Appropriately the topic of this chapter follows that of the previous passage. For fasting was a kind of ritual mourning. From early times it was associated with bereavement, repentance, and prayer. The Law of Moses prescribed fasting only in connection with the Day of Atonement, but fasts were also proclaimed in times of national emergency. In later times the trauma which resulted from the destruction of Jerusalem and the temple in 587 BC gave rise to regular fast days to mark these terrible events.

The fast days were impressive, solemn occasions, when the whole community gathered. This was good in itself, but it was also dangerous, for it created an impression of piety which was often far removed from the real state of affairs. It imposed a uniformity of observance which disguised the difference between those who were genuine and those who were not (vv. 1-2). At its worst it could degenerate into self-righteousness. Religion that drifts into superstition and self-righteousness becomes a hollow thing, lacking integrity and power. This is the inevitable outcome when leaders fail to speak to God’s people about their sins and challenge them with on-going need for repentance. The command of verse 1 is an urgent one, which is still relevant today.
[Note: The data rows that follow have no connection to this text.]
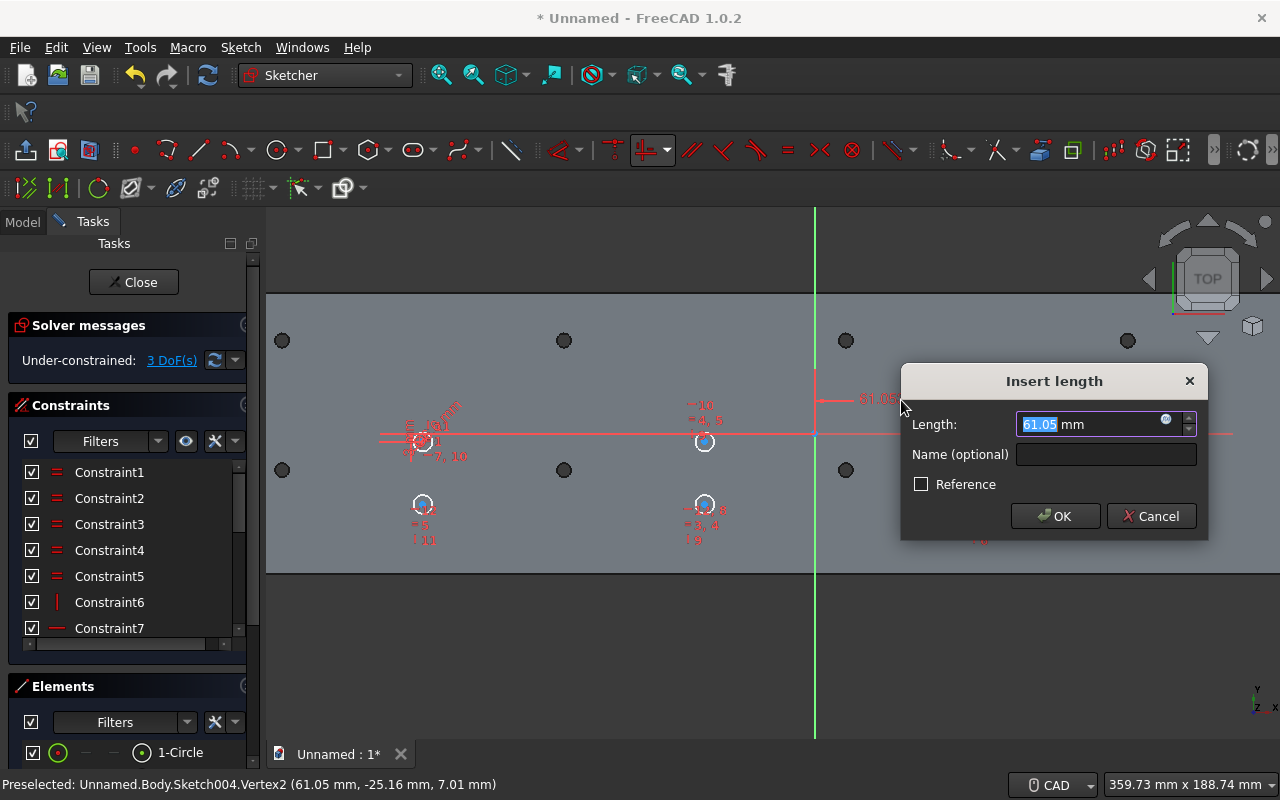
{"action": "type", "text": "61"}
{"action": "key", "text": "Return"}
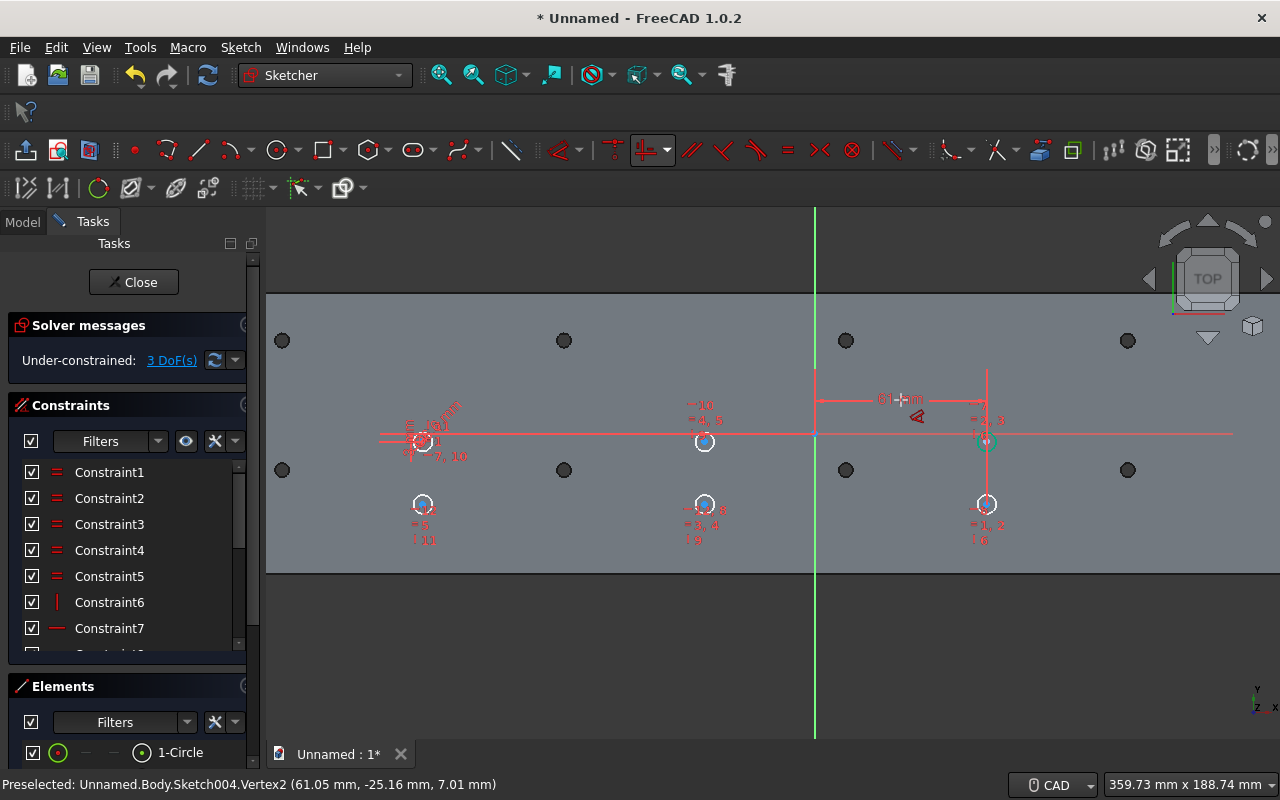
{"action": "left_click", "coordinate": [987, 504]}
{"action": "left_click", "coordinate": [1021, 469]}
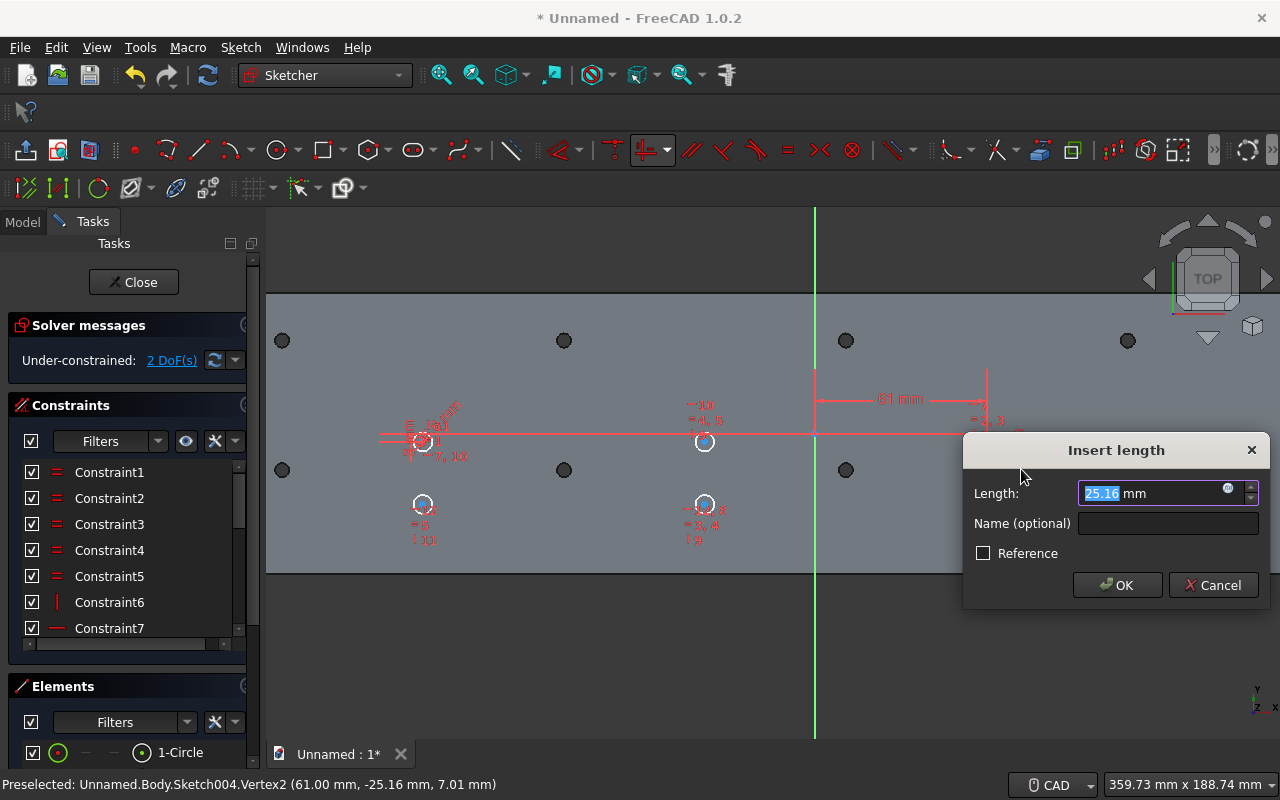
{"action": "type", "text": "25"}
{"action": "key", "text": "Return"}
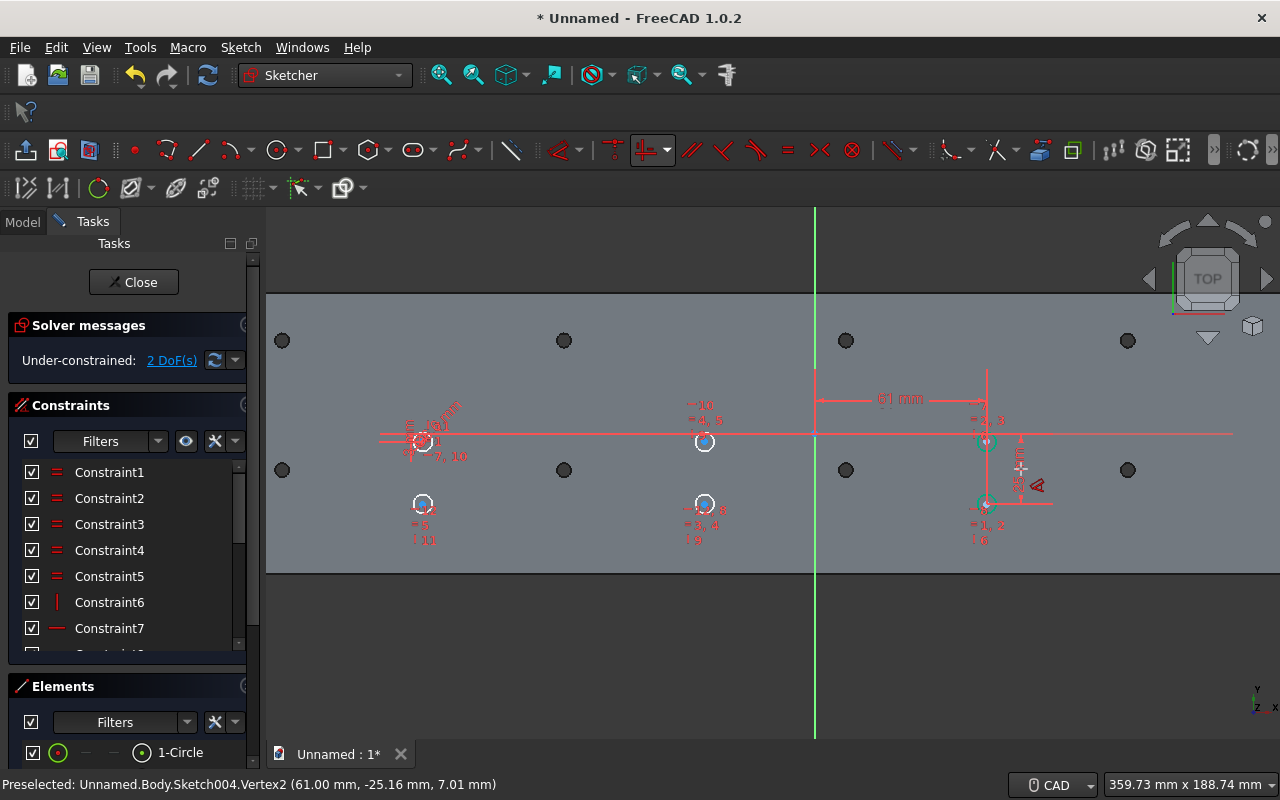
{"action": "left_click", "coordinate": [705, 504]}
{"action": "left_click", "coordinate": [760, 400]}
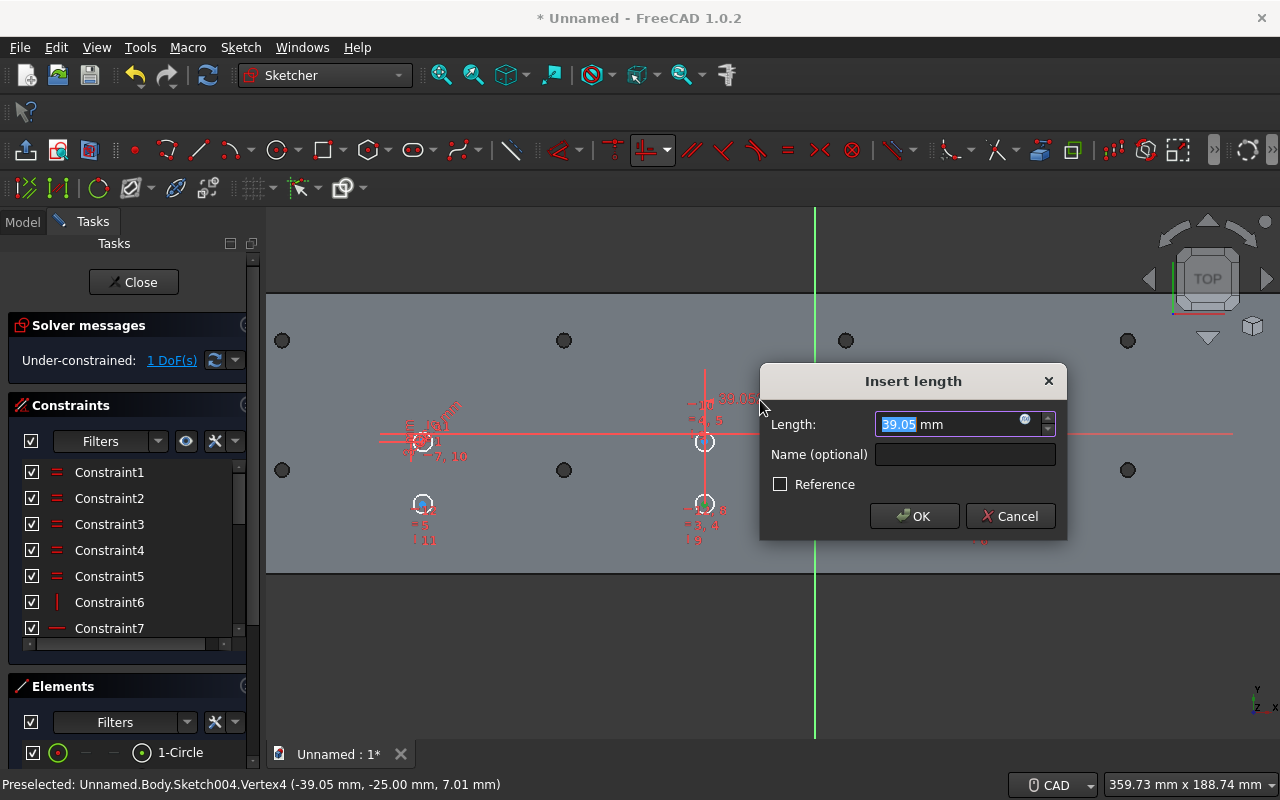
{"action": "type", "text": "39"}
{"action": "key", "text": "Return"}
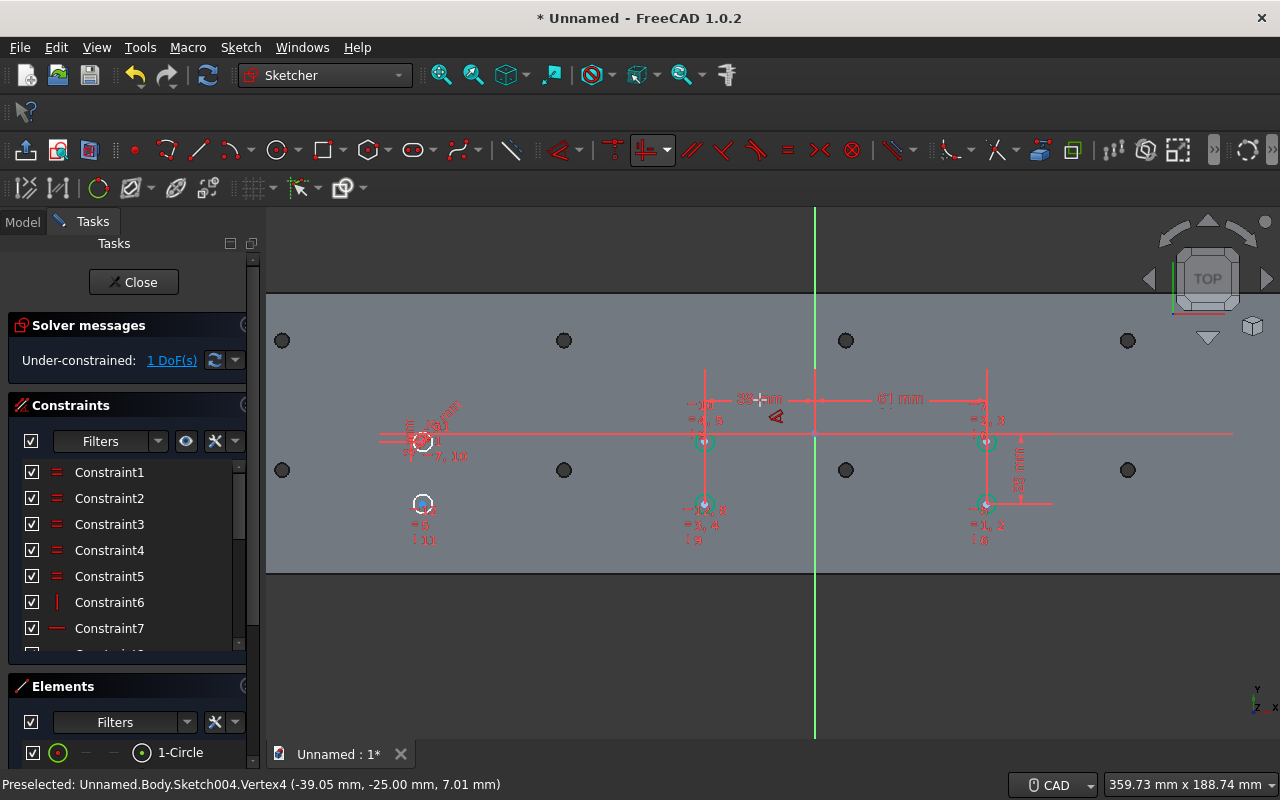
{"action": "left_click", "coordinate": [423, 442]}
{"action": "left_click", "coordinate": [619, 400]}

After the exposure of wrong fasting (vv. 1-5) comes a description of the kind of fasting that truly pleases God (vv. 6-12). It is fasting accompanied by genuine repentance, especially turning away from exploitation and quarrelling (vv. 3b, 4a, 6). It is not simply to go without food on the set fast days, but to adopt a lifestyle in which self-indulgence and greed are totally given up and replaced by generosity towards the poor (v. 7). This is the kind of fasting that pleases God and leads to His blessing being released (v. 9). The great paradox of the life of faith to which we are called is that blessing comes through self-denial, which we receive through giving, and that we gain our lives by laying them down. The only repentance that counts with God is the sort that can be seen in the way we live, especially in how we treat other people.

Conditions proved to be very difficult in Palestine after the return from exile. On the fast days the people cried out to God to hear them, and give them the good things He had promised (v. 3). The terms light, healing, righteousness and glory all refer to the same reality: full realization of covenant blessing for which they were longing (v. 8). But Isaiah here warns all who desire these good things, and even back up their petitions with fasting, that they cannot expect to be heard until they change the way they are living.

After this the closing exhortation to keep the Sabbath (vv. 13-14) seems like an anticlimax, until we remember the connection between the Sabbath and justice that was made back in 56:1-2. The exploitation of workers denounced in verse 3 may well have involved denying them rest that the Sabbath provided, and the idle words of verse 13 were perhaps glib rationalizations that justified such behavior. In any case, the call for true Sabbath observance, like the call for true fasting, is a call for a changed heart and life, not just the more meticulous observance of a ritual. There is no shortcut to joy and victory (v. 14); they come through repentance, and a willingness to live God’s way.

Isaiah 58:1-14 Reflection Questions:

Have you ever fasted? If so, what was the focus of your fast?

What is God seeing when He sees how you are living?

Are you willing to live God’s way? If so, what does that mean?